Required work: Word for word, set down every line of the entries below from the line with "Answer: Gender-based violence" to the line with "Answer: New policies", including both, and no other line.

[[ Task input open ]]

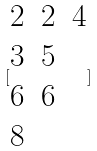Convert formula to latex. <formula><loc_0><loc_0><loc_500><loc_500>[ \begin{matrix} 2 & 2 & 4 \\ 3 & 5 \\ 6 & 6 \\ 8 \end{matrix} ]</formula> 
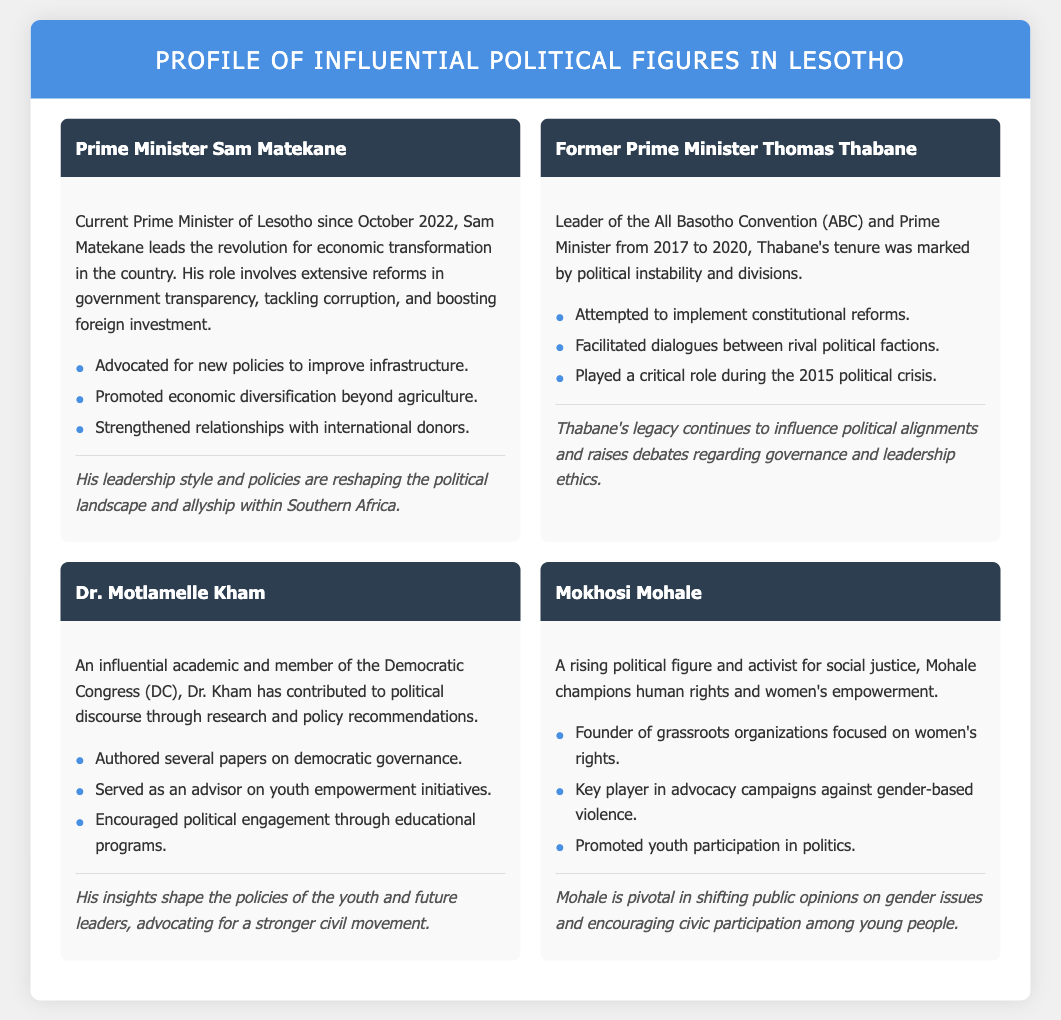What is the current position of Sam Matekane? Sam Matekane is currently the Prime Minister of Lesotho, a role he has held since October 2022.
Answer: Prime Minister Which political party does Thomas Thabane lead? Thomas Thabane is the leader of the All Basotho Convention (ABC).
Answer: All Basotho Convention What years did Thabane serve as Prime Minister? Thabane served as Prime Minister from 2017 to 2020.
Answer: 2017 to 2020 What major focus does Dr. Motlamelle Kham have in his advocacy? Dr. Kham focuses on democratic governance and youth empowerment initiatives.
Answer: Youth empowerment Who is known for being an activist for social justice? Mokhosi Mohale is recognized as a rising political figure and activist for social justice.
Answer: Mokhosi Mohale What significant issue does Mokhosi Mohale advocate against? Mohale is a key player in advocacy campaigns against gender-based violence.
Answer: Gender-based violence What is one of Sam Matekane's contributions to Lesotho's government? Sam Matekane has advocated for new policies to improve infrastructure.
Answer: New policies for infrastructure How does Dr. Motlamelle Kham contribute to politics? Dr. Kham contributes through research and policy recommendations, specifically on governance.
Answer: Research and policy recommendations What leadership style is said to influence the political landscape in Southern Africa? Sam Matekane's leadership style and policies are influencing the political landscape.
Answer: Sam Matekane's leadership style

[[ Task input closed ]]
[[ Task input open ]]

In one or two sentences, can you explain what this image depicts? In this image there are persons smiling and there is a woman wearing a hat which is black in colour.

[[ Task input closed ]]

Exercise answer:
Answer: Gender-based violence What is one of Sam Matekane's contributions to Lesotho's government? Sam Matekane has advocated for new policies to improve infrastructure.
Answer: New policies for infrastructure How does Dr. Motlamelle Kham contribute to politics? Dr. Kham contributes through research and policy recommendations, specifically on governance.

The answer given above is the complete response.